Он оглянулся на прикрытое тело, спросил:
– А кто он, отчего умер?
– Умер от лагеря, раскулаченный. Звал какую-то Настю, все хотел уходить куда-то…
Абарчук постепенно различил в полумраке лицо Магара. Он не узнал бы его, какое уж там не изменился – умирающий старик!
Чувствуя спиной прикосновение твердой, согнутой в локте руки покойника, ощущая на себе взгляд Магара, он подумал: «Тоже, наверно, считает: в жизни б не узнал».
А Магар сказал:
– Я только сейчас понял, – он все бубнил что-то вроде: би… би… би… би… а это он просил: «Пить, пить», кружка рядом, хоть бы выполнил его последнюю волю.
– Видишь, мертвый тоже вмешивается.
– А это понятно, – сказал Магар, и Абарчук услышал знакомую, всегда волновавшую его интонацию: так обычно Магар начинал серьезный разговор. – Ведь говорим о нем, а разговор о себе.
– Нет, нет! – Абарчук, поймав горячую ладонь Магара, сжал ее, обнял его за плечи, затрясся от беззвучного рыдания, задохнулся.
– Спасибо тебе, – бормотал он, – спасибо тебе, спасибо, товарищ, друг.
Они молчали, оба тяжело дыша. Их дыхание смешивалось в одно, и Абарчуку казалось, что не только дыхание их слилось.
Магар заговорил первый.
– Слушай, – сказал он, – слушай, друг, я тебя так в последний раз называю.

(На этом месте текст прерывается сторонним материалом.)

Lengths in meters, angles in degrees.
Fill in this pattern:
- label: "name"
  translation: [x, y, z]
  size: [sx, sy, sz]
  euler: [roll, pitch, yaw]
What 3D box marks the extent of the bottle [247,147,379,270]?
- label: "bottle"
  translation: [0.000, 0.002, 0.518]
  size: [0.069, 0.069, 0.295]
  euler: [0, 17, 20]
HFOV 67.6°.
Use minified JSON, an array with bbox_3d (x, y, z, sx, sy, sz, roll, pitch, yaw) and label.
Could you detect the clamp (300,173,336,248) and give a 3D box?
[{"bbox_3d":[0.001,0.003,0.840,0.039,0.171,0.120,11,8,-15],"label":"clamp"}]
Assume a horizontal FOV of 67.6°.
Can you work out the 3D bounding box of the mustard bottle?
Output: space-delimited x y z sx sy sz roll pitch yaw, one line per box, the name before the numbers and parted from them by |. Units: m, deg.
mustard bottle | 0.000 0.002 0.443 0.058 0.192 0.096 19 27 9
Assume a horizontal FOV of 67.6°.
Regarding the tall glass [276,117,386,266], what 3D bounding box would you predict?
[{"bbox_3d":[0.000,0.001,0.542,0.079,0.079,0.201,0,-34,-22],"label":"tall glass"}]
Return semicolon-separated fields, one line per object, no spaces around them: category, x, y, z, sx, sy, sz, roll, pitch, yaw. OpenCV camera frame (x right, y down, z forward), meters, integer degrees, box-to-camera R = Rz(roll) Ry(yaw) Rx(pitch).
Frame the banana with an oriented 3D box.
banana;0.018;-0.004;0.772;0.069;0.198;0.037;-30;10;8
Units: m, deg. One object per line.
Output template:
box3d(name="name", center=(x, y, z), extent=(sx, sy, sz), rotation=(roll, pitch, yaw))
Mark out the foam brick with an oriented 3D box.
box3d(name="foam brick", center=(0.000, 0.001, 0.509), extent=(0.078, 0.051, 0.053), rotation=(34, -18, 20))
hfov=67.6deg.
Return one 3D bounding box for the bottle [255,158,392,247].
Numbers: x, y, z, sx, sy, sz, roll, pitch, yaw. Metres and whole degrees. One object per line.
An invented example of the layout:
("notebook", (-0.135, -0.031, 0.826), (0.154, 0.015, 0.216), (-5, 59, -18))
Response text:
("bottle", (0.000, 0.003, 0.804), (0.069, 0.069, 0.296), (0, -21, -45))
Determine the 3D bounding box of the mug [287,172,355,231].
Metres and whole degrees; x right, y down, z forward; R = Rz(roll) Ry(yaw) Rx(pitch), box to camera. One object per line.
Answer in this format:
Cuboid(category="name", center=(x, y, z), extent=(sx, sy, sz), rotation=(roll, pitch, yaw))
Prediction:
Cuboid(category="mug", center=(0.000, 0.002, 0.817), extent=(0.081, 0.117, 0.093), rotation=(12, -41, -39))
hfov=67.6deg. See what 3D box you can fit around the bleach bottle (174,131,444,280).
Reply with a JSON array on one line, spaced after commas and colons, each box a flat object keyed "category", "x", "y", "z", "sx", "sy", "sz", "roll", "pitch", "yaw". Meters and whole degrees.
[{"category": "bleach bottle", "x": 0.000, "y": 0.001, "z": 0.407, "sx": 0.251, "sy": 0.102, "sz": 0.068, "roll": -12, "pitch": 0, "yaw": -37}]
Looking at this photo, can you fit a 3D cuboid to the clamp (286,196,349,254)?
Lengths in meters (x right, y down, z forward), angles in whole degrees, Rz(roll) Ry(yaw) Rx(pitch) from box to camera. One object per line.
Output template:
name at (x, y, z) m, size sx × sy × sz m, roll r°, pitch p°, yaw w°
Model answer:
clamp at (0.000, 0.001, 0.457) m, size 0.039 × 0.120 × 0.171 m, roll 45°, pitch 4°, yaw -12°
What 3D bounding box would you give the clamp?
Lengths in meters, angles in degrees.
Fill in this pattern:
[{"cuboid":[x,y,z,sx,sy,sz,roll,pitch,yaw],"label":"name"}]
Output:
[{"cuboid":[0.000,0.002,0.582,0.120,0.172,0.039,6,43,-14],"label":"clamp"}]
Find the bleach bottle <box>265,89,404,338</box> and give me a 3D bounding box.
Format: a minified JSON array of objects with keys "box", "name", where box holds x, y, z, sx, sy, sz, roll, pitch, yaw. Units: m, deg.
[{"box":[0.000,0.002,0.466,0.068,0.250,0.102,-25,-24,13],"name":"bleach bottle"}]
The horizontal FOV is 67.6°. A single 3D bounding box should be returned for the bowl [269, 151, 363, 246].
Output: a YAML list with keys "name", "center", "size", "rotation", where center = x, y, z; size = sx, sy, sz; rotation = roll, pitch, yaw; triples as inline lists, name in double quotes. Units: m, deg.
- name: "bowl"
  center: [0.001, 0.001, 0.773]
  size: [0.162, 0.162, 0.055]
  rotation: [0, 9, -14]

– Брось ты, ты будешь жить! – сказал Абарчук.
Магар сел на постели.
– Как пытки не хочу, но должен сказать. И ты слушай, – сказал он покойнику, – это тебя касается, твоей Насти. Это мой последний революционный долг, и я его выполню! Ты, товарищ Абарчук, особая натура. Да и встретились мы когда-то в особое время, – мне кажется, наше лучшее время. Вот я скажу тебе… Мы ошиблись. Наша ошибка вот к чему привела – видишь… мы с тобой должны просить прощения у него. Дай-ка мне закурить. Да какое уж там каяться. Сего не искупить никаким покаянием. Это я хотел сказать тебе. Раз. Теперь – два. Мы не понимали свободы. Мы раздавили ее. И Маркс не оценил ее: она основа, смысл, базис под базисом. Без свободы нет пролетарской революции. Вот два, и слушай – три. Мы проходим через лагерь, тайгу, но вера наша сильней всего. Не сила это – слабость, самосохранение. Там, за проволокой, самосохранение велит людям меняться, иначе они погибнут, попадут в лагерь, – и коммунисты создали кумира, погоны надели, мундиры, исповедуют национализм, на рабочий класс подняли руку, надо будет, дойдут до черносотенства… А здесь, в лагере, тот же инстинкт им велит не меняться – если не хочешь покрыться деревян-бушлатом, то не меняйся в лагерные десятилетия, в этом спасение… Две стороны медной монетки…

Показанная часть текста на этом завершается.